The gray dawn light through the blinds cuts Adrian’s sleeping form into strips of shadow and pale skin. Irina is already awake, her choice from the dark hours now a quiet engine in her blood. She doesn’t move from where he holds her, his arm a heavy weight across her ribs. She studies the topography of his shoulder instead.
Her fingers find the first one without looking. A thin, precise line just below his collarbone, old and silvery. Surgical. Her thumb traces its length. He doesn’t stir, but his breathing changes—a slight catch, then an even deeper rhythm. A controlled pretense of sleep.
She shifts minutely, her nose almost touching his skin. He smells of sleep and sex and the faint, clean scent of his soap. Her exploration is methodical. A rough patch on his ribs, like gravel under skin. A pucker near his spine. Each is a landmark. She doesn’t ask. He doesn’t explain.
Her hand slides down his arm, over the dense muscle of his bicep. Her fingertips skate across his inner elbow, finding a cluster of small, faded dots. Old track marks. Not from drugs—too neat, too spaced. Something else. Torture. Interrogation. She lets her fingers rest there, feeling the slow, powerful pulse beneath.
His hand, resting on her side, flexes. A slight contraction of the scarred knuckles.
“Cataloguing?” His voice is a sleep-roughened rasp directly above her head. He hasn’t opened his eyes.
“Yes.”
“Find anything of value?”
“Not yet.”
A lie. The value is in his stillness. The absolute, surrendered quiet of his body as she touches what he usually hides beneath tailored wool and cold calculation. This is a different kind of ledger. Her fingers turn the pages of his skin.
She pushes back against him just enough to roll onto her other side, facing him. His arm tightens for a second, then relaxes, letting her move. Now she can see his chest. The morning light catches the fine dark hair, the severe lines of his pectorals, the long, vicious scar that snakes from his sternum down across the hard plane of his abdomen. It’s old but poorly healed, a ropy, knotted thing.
Her gaze is a physical weight. He opens his eyes. Pale gray, unguarded in the dim light, watching her watch him.
She reaches out. Doesn’t hesitate. The pad of her index finger touches the top of that long scar, just below his breastbone. His skin is warm. She feels the jump of a muscle beneath. She follows the path down, over the ridges of his stomach. Her touch is light, investigative. She stops just above the line of the sheet pooled at his hips.
“That one has a story,” he says. His voice is flat.
“They all do.”
“That one has a price.”
“I’m not paying it.” Her finger doesn’t move. “I’m just reading the menu.”
A faint, almost imperceptible tic works in his jaw. He says nothing. His stillness is complete again, but it’s a different quality now—not surrender, but a man holding himself under a blade.
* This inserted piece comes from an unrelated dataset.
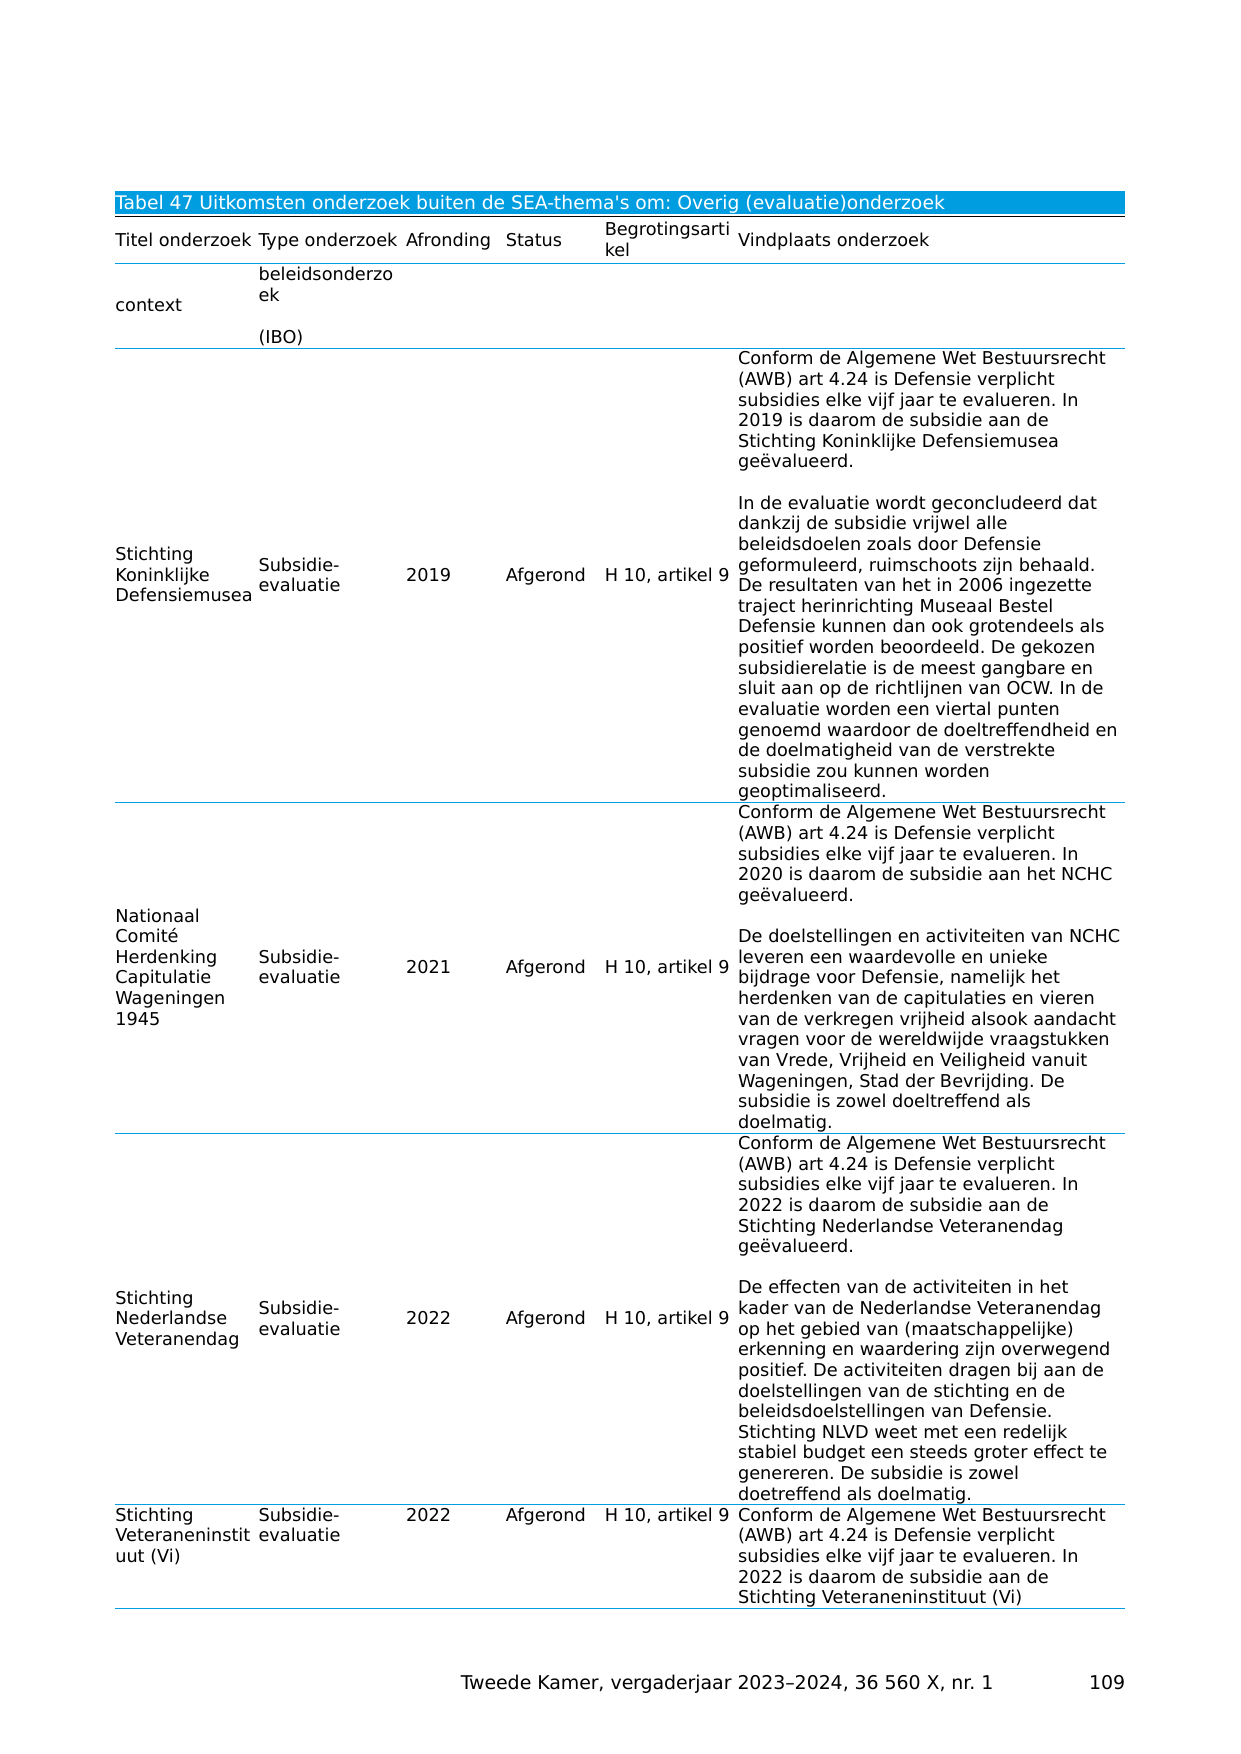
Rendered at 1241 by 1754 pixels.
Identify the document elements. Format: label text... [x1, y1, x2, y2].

Her hand moves away from the scar, spreads flat over the center of his chest. She can feel his heartbeat, a slow, heavy drum. Her palm slides lower, over the taut skin of his stomach. The sheet tented at his hips is not from sleep. She knows the shape of him there, the hard, insistent weight of his arousal even now, in this quiet dawn interrogation.
She doesn’t touch it. She lets her hand rest low on his belly, her pinky finger just brushing the sheet. The heat of him bleeds through the linen.
“Your curiosity is a dangerous currency, Irina.”
“So is your patience.”
She leans in then, and presses her lips to the knot of scar tissue on his shoulder—the one she found in the dark. A kiss, but not soft. It’s a seal. A signature.
He shudders. A full-body tremor he doesn’t suppress. His hand comes up, fingers spearing into her honey-blonde hair, not to pull her away, but to hold her there. His grip is tight, almost painful.
She stays, her mouth against his damaged skin, until the tremble in him stills. Until his breathing evens out again, though his heart still hammers under her other hand. Only then does she pull back, meeting his eyes.
He’s looking at her like he’s never seen her before. Like she’s the scar, and he’s the one learning the story. His thumb strokes her temple, a rough, unsure caress.
Outside, the city begins to wake. A distant siren. The rumble of a truck. The ordinary world.
In here, there is only the map of him, and her quiet, relentless navigation. She hasn’t surrendered. She’s taking inventory. And he, for the first time in his life, is letting someone else hold the pen.